Because of this characteristic, in this study, the first component $u_{s1}$ is designed using the optimal control law (LQR), and the second control law realizes the disturbance compensation.

Taking AUV’s depth controller as an example, its adaptive control algorithm is given below. The form of the controller is as follows:

$${\delta }_s=u_{s1}+u_{s2}$$

(14)

where $u_{s1}$ is the feedback control law and $u_{s2}$ is the adaptive control law. For the feedback control law, we adapt the LQR control algorithm discussed above to give the controller the optimal control performance for the nominal model.

$$u_{s1}=k_{w}w+k_{q}q+k_{\theta }\theta +k_{\zeta }(\zeta -{\zeta }_c)$$

(15)

To compare the performance of the control algorithms of LQR and L1AC, the state feedback parameters in L1AC are the same as those of LQR for the following simulations and experiments.

By substituting control law (14) into model (10), we get

$${\dot{x}}_v=A_{mv}{x}_v+B_{mv}{\delta }_s+B_{umv}{\Sigma }_v$$

(16)

and the related matrix has the following form:

$$A_{mv}=A_v-B_m{K}_v{B}_{mv}=\left[\begin{array}{c}{b}_{v1}\\ b_{v2}\\ 0\\ 0\end{array}\right]B_{umv}=\left[\begin{array}{ccc}1& 0& 0\\ 0& 0& 0\\ 0& 1& 0\\ 0& 0& 1\end{array}\right]{\Sigma }_v={[{\sigma }_{Fz},{\sigma }_{My},0,0]}^T$$

(17)

To realize adaptive control under model uncertainty and environmental disturbance, it is necessary to estimate and predict the disturbance, and the form of the prediction equation is

$$\dot{\widehat{x}}=A_m\widehat{x}+B_m(u_{s2}\left(t\right)+{\widehat{\sigma }}_1)+B_{um}{\widehat{\sigma }}_2$$

(18)

where $\widehat{x}, {\widehat{\sigma }}_1$ is the estimated value of $x, {\delta }_{My}$. And ${\widehat{\sigma }}_2=[{\widehat{\sigma }}_{21},{\widehat{\sigma }}_{22},{\widehat{\sigma }}_{23}]$, ${\widehat{\sigma }}_{21}$ is the estimated value of ${\delta }_{Fz}$, and ${\widehat{\sigma }}_{22}, {\widehat{\sigma }}_{23}$ is the estimated value of another un-modelled dynamic.

These estimated values are updated with the following discrete-time equation:

$$\left\{\begin{array}{c}\tilde{x}\left(i{T}_s\right)=\widehat{x}\left(i{T}_s\right)-x\left(i{T}_s\right)\hfill \\ \mu \left(T_s\right)=e^{A_m{T}_s}\tilde{x}\left(i{T}_s\right)\hfill \\ \varphi \left(T_s\right)=A_m^{-1}(e^{A_m{T}_s}-I_n)\hfill \\ \left[\begin{array}{c}{\widehat{\sigma }}_1\left((i+1)T_s\right)\\ {\widehat{\sigma }}_2\left((i+1)T_s\right)\end{array}\right]=-{\left[B_m{B}_{um}\right]}^{-1}\varphi {\left(T_s\right)}^{-1}\mu \left(T_s\right)\hfill \end{array}\right.$$

(19)

where $\tilde{x}$ is the predict error, $T_s$ is adaption rate, i is the number of adaption steps, and $\mu , \varphi$ is the intermediate variable of the adaption.
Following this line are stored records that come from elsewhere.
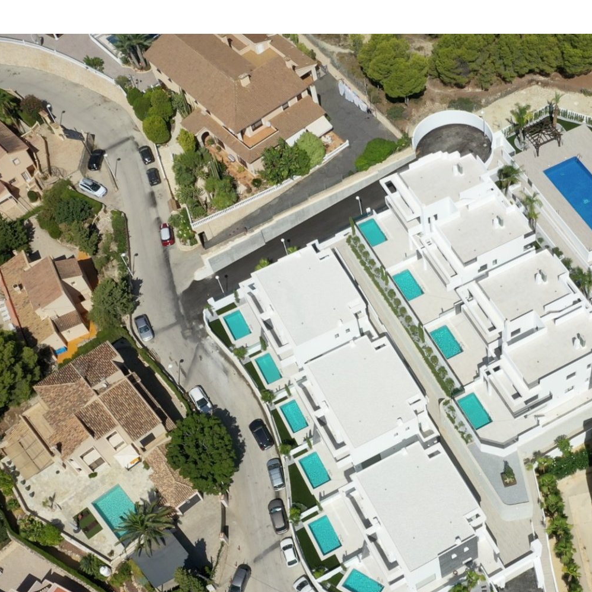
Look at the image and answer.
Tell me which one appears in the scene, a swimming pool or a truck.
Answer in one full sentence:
This aerial view contains a swimming pool.
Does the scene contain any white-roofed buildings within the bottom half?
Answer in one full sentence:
Yes, the scene does show a white-roofed building within the bottom half.
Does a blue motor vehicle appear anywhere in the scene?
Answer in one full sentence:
No, no blue motor vehicle can be seen from above.
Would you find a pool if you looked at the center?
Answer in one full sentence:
Yes, at the center there is a pool.
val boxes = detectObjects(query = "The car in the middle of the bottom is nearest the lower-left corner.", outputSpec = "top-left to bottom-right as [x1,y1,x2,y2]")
[227,563,253,592]
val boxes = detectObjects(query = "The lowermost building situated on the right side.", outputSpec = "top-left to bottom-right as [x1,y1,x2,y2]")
[341,442,485,592]
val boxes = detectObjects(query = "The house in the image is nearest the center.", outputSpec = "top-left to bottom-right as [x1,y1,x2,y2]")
[238,240,369,373]
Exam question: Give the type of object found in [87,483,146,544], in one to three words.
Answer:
swimming pool
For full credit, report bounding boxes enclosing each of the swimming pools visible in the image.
[251,351,285,387]
[392,268,427,303]
[277,397,312,436]
[427,323,466,362]
[296,450,334,492]
[356,216,391,249]
[87,483,146,544]
[542,155,592,231]
[455,389,495,433]
[339,568,387,592]
[220,307,254,343]
[305,512,345,559]
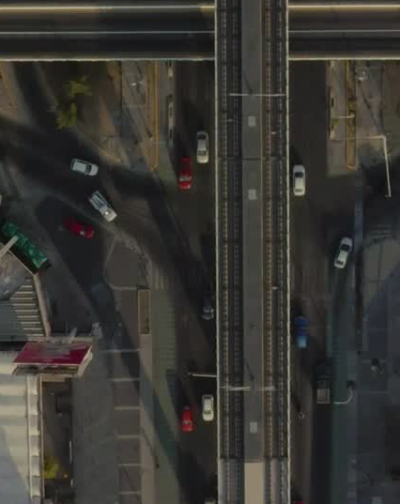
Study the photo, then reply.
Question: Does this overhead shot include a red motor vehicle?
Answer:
Yes
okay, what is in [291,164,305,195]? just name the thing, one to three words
car
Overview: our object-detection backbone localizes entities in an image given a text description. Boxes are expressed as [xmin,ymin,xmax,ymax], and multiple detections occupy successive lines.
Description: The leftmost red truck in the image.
[61,216,95,239]
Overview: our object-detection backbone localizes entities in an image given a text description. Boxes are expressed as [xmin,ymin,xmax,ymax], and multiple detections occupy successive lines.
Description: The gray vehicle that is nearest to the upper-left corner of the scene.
[69,158,99,177]
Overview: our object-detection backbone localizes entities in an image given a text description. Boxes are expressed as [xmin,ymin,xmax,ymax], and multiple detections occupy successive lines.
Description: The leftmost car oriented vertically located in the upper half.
[177,156,191,189]
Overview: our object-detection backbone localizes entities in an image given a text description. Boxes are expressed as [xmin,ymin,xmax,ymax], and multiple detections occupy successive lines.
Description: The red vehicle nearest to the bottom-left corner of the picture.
[179,404,194,430]
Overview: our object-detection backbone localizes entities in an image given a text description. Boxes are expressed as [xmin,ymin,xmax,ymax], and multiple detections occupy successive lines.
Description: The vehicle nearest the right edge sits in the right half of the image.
[334,236,352,268]
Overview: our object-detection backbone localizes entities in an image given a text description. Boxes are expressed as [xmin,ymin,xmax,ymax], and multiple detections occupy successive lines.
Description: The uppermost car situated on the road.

Most of the equations in this research are described in a continuous-time equation, but the adaptive law uses discrete-time form, and the discrete-time adaption law has a faster convergence rate [27].

Finally, the adaptive control law is given as

$$u_{s2}=-\frac{K_{a}D\left(s\right)}{1+K_{a}D\left(s\right)}({\widehat{\sigma }}_1+H_m^{-1}{\widehat{\sigma }}_2-r_{\zeta })=-C\left(s\right)({\widehat{\sigma }}_1+H_m^{-1}{\widehat{\sigma }}_2-r_{\zeta })$$

(20)

where $r_{\zeta }=-{\left(c{A}_{mv}^{-1}{B}_m\right)}^{-1}{\zeta }_d$, $H_m=c{(sI-A_{mv})}^{-1}{B}_{mv}$.

In the same way, a heading controller for ${\delta }_r$ can be designed with a similar structure of Figure 3. The L1AC controller is designed based on the Equations (12) and (13). As the equation of the horizontal linear dynamic equation is of three dimensions, there are three disturbance estimation values.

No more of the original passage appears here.